HyperRam/Flash as VGA screen buffer (Now XGA, 720p &1080p) &Rev.B

Rayman · 2019-03-16 21:34

The attached file outputs a VGA image stored in HyperRam.
Code is a lot cleaner now with Ver.1N.

The read rate is 125 MBPS, much faster than the VGA pixel rate of 25 MHz.
There were some bugs initially, caused by an OUTA that should have been OUTH, but all fixed now.
Ver.1P is cleaned up and uses smartpin for HR clock and uses COGATN to synchronize HR with VGA.
Also, switched from waitse1 to waitx to get data starting from the first byte bin (instead of fifth).

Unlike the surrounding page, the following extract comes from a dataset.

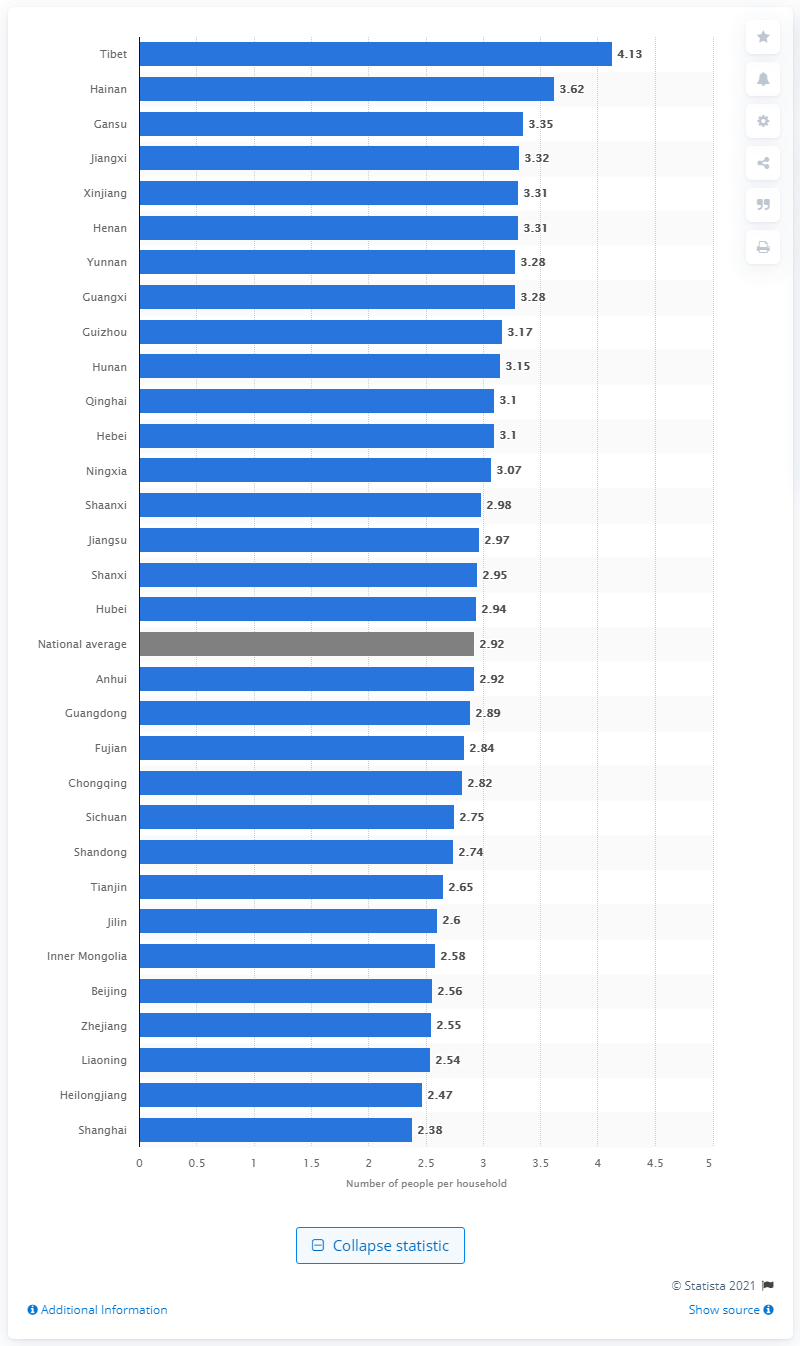List a handful of essential elements in this visual. In 2019, the average number of people per household in Tibet was 4.13. In 2019, the national average number of people per household in China was 2.92. In 2019, the average number of people per household in Shanghai was 2.38. 
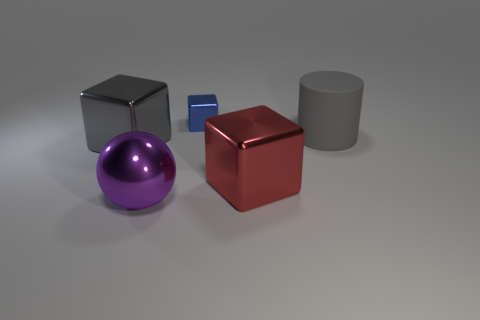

Update: See ~page 4 for 16bpp code and images
Update2: See ~page 6 for some 1080p tests
Update3: Now works with HyperFlash too! See ~page 9.
Update4: Now have some examples working with Rev.B eval board and Parallax modules, see page 9.

jmg · 2019-03-16 21:40

Rayman wrote: »

Thought I had it, and then these corrupt horizontal lines started showing up...

Must be doing something wrong, not sure what yet...
They start showing up after about 10 seconds
....

Interesting effect.
You could try cooling P2 or HyperRAM chip with a can of freeze and see if it clears?
what is the time-between-artitfacts here ?

Rayman · 2019-03-16 22:39

Think I fixed that...
Seems it doesn't like me reading 640 bytes at a time.
Switched to 10x reads of 64 bytes and no more lines...
I don't see anything in the datasheet that says I can't do 640 bytes though...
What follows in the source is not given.